→ WORK INSTRUCTION:
Copy out the lines of the records below, and only those lines, from the one with "4) object [0,325,3,367]" through the one with "17) structure [754,83,824,160]", exactly as they appear.

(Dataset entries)
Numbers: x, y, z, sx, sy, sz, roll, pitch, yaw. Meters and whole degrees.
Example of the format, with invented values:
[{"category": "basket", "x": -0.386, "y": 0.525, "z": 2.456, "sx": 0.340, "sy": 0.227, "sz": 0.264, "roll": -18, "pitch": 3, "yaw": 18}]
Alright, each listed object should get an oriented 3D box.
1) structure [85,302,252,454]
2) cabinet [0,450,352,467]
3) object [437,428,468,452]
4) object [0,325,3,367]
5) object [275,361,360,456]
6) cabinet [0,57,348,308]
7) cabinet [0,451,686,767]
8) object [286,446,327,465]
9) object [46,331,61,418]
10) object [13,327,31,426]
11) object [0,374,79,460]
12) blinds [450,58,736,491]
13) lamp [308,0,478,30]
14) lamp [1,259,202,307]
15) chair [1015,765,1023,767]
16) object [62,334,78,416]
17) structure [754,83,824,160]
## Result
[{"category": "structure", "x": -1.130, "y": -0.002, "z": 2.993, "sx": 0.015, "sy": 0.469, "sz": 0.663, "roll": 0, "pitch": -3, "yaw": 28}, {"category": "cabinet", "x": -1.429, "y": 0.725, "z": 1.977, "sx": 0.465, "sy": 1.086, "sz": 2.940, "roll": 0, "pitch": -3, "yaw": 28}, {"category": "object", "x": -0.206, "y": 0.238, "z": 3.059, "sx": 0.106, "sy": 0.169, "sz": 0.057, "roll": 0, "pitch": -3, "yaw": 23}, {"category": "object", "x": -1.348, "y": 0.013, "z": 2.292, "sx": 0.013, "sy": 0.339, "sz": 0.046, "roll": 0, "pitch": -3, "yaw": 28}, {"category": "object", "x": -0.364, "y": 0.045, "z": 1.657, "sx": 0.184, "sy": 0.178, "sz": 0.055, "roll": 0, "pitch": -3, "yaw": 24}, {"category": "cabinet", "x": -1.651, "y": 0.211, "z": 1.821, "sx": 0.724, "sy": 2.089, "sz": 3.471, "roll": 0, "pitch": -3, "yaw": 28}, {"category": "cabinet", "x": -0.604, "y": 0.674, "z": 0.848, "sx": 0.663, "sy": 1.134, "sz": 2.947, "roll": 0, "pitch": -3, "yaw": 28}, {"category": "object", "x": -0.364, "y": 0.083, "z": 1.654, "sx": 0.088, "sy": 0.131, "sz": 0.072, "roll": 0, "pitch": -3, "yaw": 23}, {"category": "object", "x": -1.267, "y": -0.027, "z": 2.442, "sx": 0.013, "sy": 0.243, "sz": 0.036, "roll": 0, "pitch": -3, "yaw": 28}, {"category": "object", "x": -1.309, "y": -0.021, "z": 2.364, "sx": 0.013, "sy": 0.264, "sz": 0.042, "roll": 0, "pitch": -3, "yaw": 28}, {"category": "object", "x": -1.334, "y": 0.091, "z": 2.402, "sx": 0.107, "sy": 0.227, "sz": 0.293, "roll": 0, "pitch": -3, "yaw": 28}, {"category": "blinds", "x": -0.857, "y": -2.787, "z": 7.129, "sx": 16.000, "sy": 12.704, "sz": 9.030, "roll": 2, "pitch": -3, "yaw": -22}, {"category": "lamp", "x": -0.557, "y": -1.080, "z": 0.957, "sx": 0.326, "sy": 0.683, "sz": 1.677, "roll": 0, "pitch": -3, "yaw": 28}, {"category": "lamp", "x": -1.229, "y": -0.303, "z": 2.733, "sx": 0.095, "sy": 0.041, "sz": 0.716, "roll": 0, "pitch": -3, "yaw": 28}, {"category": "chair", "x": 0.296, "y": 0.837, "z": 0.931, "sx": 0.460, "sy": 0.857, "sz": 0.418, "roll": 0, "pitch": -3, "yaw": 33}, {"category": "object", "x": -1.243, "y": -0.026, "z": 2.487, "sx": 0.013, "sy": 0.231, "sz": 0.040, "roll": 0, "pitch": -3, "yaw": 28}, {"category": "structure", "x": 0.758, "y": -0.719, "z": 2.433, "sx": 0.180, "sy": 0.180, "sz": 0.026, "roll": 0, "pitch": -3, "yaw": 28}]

→ RESPONSE:
4) object [0,325,3,367]
5) object [275,361,360,456]
6) cabinet [0,57,348,308]
7) cabinet [0,451,686,767]
8) object [286,446,327,465]
9) object [46,331,61,418]
10) object [13,327,31,426]
11) object [0,374,79,460]
12) blinds [450,58,736,491]
13) lamp [308,0,478,30]
14) lamp [1,259,202,307]
15) chair [1015,765,1023,767]
16) object [62,334,78,416]
17) structure [754,83,824,160]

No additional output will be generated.